A DISTANT SOIL: The Ascendant Chapter 4 Page 9

Most sincere thanks to Alejandro Valdes who tipped the hat jar and got himself a nifty Neil Gaiman signed book! Thank you so much and warmest wishes to you!

THANKS FOR READING! We’ll be back on Monday with M-F posts!

24 Comments

  • Laurie Sutton

    I don’t think a caption is necessary. The change of scene is obvious. However, my eye went from panel three to panel five because the word balloon (“Alone at last.”) was anchored to the top of the panel. It was the first thing my eye went to after the last balloon in panel three. If the “Alone at last” balloon had been closer to the boundary between panel four and five, I would have read it the way you meant it.

    Old editors never die, even when you wish they would.

  • Colleen

    That’s true. I’d have to move all of the balloons in that shot to compensate, which would be a problem. I’d have to redraw the BG in that panel, which would have to be done digitally.

    And don’t be silly! I really appreciate all the good advice I’ve had on the blog. 🙂

  • Colleen

    WAAHH! SO TRUE! It is maddening going through older work. I am working on a really long original GN for Vertigo right now and I draw a page which I don’t ink for six months, come back to it, and need to redraw it.

  • Carla Speed McNeil

    How you resisted having a ‘grace note’ panel With the guys by themselves after Bast sweeps off with D’Mer in her arms, I just don’t know. But the change of scene is quite clear; any awkwardness you’re seeing probably comes from the fact that there is no pause in the conversational rhythm, no break before the second ‘verse’ begins.

  • Colleen

    WAAAHHHH! Golden opportunity down drain! I could add a page here, seriously.

    @Amikael: Alas, D’mer is a figment of my imagination. And he’s 24, which made him an older man when I first drew him, and now I am a dirty old woman for lingering over his abs.

  • mamid

    I love the back and forth between Bast and D’mer here. Sort of a cat with a mouse not realizing the mouse is actually a wolverine.

  • Allan

    The diminishing sizes of panels 1 to 3 left to right forces the eye up towards the top right hand corner and… off the page. If you look at this page “manga-style” — right to left — the panels read a lot smoother and draw the eye into the page.

    And, yes, the big blank gutter between panels 4 and 5 stops the eye dead, a fault that even the overlapping Bast can’t compensate for.

    The individual images are great, but only as individual images; when considering the page as a whole (Eisner’s “meta-panel), the storytelling doesn’t really work. But, y’know, it’s one page in, like, a thousand…

  • Arlnee

    a fault that even the overlapping Bast can’t compensate for.

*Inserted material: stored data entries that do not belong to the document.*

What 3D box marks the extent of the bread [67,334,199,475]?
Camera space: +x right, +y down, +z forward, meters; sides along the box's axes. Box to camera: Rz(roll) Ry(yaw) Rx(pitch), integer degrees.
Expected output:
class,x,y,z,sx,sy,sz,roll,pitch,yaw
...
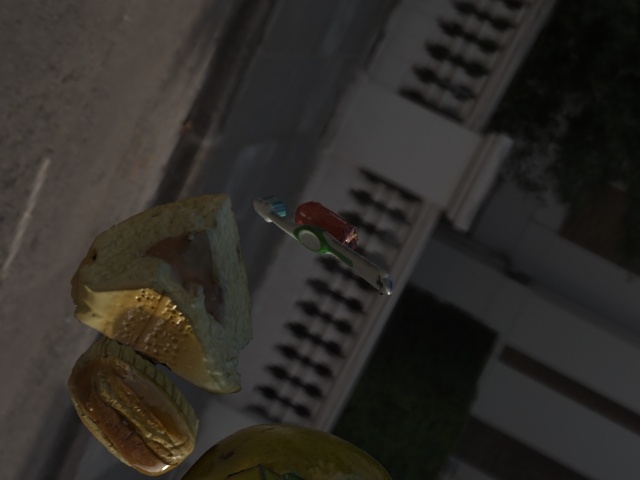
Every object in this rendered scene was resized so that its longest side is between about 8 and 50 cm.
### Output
class,x,y,z,sx,sy,sz,roll,pitch,yaw
bread,-0.300,0.269,1.924,0.140,0.236,0.106,-34,-160,16

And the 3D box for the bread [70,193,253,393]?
class,x,y,z,sx,sy,sz,roll,pitch,yaw
bread,-0.211,0.079,1.580,0.184,0.211,0.224,-70,151,-53

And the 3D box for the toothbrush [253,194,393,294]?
class,x,y,z,sx,sy,sz,roll,pitch,yaw
toothbrush,-0.005,0.001,1.793,0.040,0.418,0.042,-15,114,-22

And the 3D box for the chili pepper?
class,x,y,z,sx,sy,sz,roll,pitch,yaw
chili pepper,0.009,-0.025,2.264,0.070,0.123,0.073,-62,155,10

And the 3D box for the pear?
class,x,y,z,sx,sy,sz,roll,pitch,yaw
pear,-0.040,0.424,1.696,0.386,0.340,0.191,-13,173,-24

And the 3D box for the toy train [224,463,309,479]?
class,x,y,z,sx,sy,sz,roll,pitch,yaw
toy train,-0.053,0.309,1.420,0.060,0.081,0.202,-22,153,11
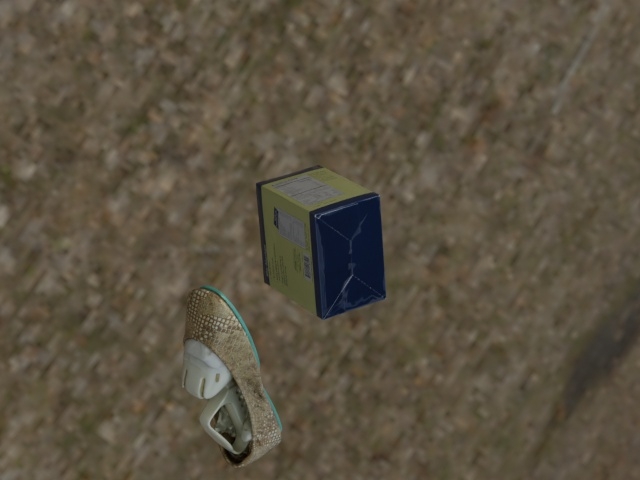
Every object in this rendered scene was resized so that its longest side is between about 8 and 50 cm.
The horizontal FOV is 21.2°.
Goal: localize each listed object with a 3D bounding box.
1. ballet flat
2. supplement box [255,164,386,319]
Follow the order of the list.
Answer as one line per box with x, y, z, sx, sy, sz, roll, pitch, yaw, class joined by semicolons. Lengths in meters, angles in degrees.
-0.087;0.133;1.551;0.067;0.073;0.206;-47;134;-29;ballet flat
0.000;0.000;1.236;0.056;0.083;0.083;-17;116;-28;supplement box
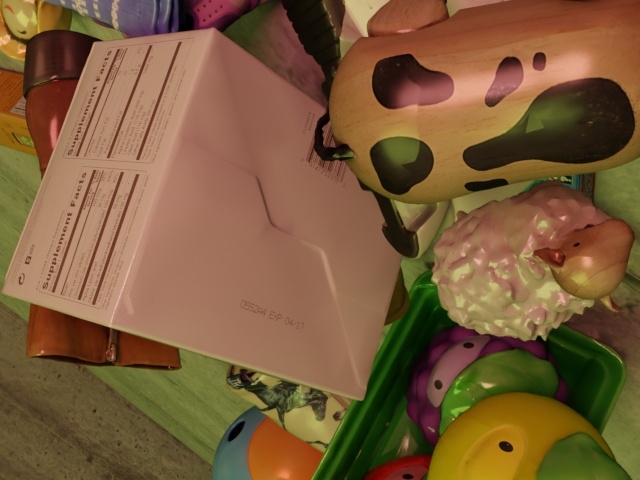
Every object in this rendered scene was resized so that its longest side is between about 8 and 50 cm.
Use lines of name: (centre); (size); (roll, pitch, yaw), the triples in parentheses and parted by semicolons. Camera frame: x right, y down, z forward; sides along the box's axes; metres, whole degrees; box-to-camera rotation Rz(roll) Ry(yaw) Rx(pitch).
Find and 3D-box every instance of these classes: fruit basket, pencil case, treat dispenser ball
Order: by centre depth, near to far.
fruit basket: (0.151, 0.229, 0.800); (0.283, 0.392, 0.392); (26, 153, 14)
pencil case: (0.045, 0.271, 1.226); (0.410, 0.159, 0.183); (41, 167, -16)
treat dispenser ball: (-0.055, 0.433, 1.469); (0.288, 0.288, 0.288); (26, 153, 14)

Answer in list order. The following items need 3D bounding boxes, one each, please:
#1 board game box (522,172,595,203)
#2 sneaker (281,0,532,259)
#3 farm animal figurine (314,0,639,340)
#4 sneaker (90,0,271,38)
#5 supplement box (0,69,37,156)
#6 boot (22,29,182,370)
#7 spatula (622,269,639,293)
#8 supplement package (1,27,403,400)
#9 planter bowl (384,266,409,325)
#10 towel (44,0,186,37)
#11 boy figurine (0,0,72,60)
board game box: (0.124, -0.069, 0.681); (0.210, 0.047, 0.160); (18, 151, 26)
sneaker: (0.058, -0.165, 0.539); (0.330, 0.146, 0.122); (67, 171, -15)
farm animal figurine: (0.132, -0.099, 0.348); (0.327, 0.172, 0.330); (-23, 115, 31)
sneaker: (-0.146, -0.208, 0.680); (0.237, 0.104, 0.095); (9, 147, 41)
supplement box: (-0.383, -0.165, 1.047); (0.234, 0.080, 0.078); (19, 151, 29)
boot: (-0.139, -0.025, 0.719); (0.096, 0.280, 0.264); (-16, 164, 33)
spatula: (0.245, 0.033, 0.660); (0.297, 0.030, 0.084); (19, 155, -4)
supplement package: (-0.068, -0.009, 0.626); (0.145, 0.203, 0.262); (7, 166, 41)
planter bowl: (0.000, 0.000, 0.837); (0.217, 0.217, 0.090); (23, 115, 19)
towel: (-0.242, -0.286, 0.552); (0.336, 0.040, 0.243); (21, 135, 14)
boy figurine: (-0.297, -0.287, 0.728); (0.177, 0.092, 0.285); (25, 150, 10)
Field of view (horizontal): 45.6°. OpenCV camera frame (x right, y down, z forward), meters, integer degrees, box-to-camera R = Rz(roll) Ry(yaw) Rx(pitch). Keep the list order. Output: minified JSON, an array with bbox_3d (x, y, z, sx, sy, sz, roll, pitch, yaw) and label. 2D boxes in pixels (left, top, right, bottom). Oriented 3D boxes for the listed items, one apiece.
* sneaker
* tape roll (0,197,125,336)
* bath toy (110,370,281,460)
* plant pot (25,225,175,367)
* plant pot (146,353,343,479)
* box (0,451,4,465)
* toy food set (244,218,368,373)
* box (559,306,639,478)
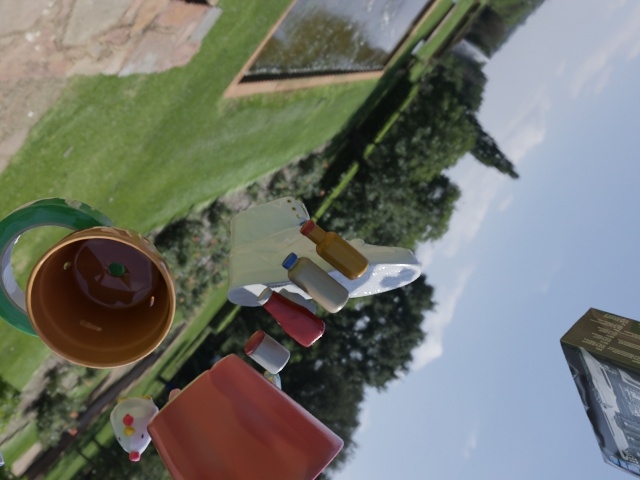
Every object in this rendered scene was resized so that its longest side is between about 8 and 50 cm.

    Yeah, she overlaps all right… oh, wait XD

    (I know, fish in a barrel… but someone had to say it, so may as well be me)

  • Colleen

    BWAHAHAAA!

    By the way, I say I appreciate the critiques, and I mean it. There may not be a whole lot I can do about the old stuff, but you never know when it will help the new stuff.

    THANK YOU!

  • Arlnee

    see that’s the difference between amateur/fanfic and a pro. A pro will get a technical critique and look at it and go, “yeah, you’re right” or “I can see what you mean but it works for me” without assuming it’s personal.

    An amateur/fan work will get a technical critique like, oh, a misplaced apostrophe, and for the next week the topic will be WAAAAHH YOUR ALL MEEEENIES IM LEAVING THE INTERNET FOREVER!!!!11!

    Mistakes will be made, that’s kind of a given. What you do about them and how you respond to them is the dividing line.

  • Colleen

    That’s really nice of you to say.

    I appreciate a critique. I want to be a better artist. If someone is right, they are right.

    Sometimes the critiques are just way off.

    I remember someone going on about how my figure work on Orbiter was over-rendered. And I thought, whoa, there is someone who hasn’t a clue what they are saying because that works was very simply rendered. Flat blacks and simple line. No rendering. So, I completely dismissed their comment.

    It would be correct to criticize some of the early A Distant Soil figure work as over-rendered.

    I originally made the art fairly simple, because I intended it for color. Later I redid the art for black and white and added a lot of hatching. And I went overboard. It shows how insecure I was about my drawing.

    I think it’s great that people take the time to let me know what they think. They could just ignore it. Their time is as valuable as mine.

    That said, you have to be able to filter. If someone says they hate my work because it’s too full of pretty people and it’s in the 1980’s, and there are gay people in it, well, that’s not a useful critique. It’s like complaining that an 1830 romance novel has too many pretty people in it, and it’s too old fashioned. Dude, go read something else.

    But storytelling points, and grammar, and character motivation, that I can use. If I can’t go back and redo what I have done, I can learn from the mistakes.